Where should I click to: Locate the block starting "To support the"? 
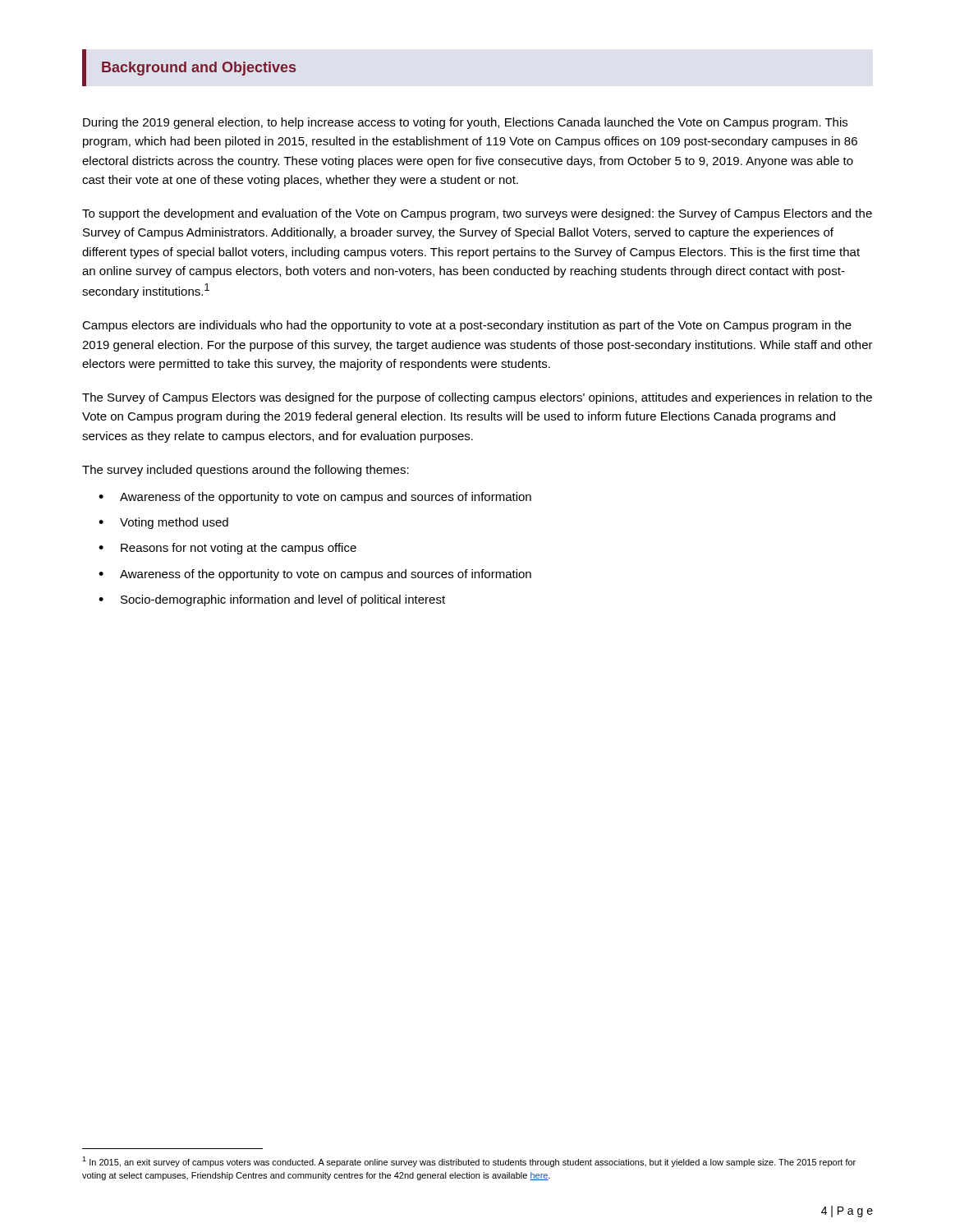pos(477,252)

━━━

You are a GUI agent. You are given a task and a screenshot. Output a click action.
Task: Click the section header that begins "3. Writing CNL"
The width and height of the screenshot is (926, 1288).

━━━

## Work item:
Among the records above, a stretch begins at the line containing "Task: Click the" and ends at the line containing "The width and". Restate that stretch word for word, and nothing else.

## Your solution:
Task: Click the section header that begins "3. Writing CNL"
The width and height of the screenshot is (926, 1288).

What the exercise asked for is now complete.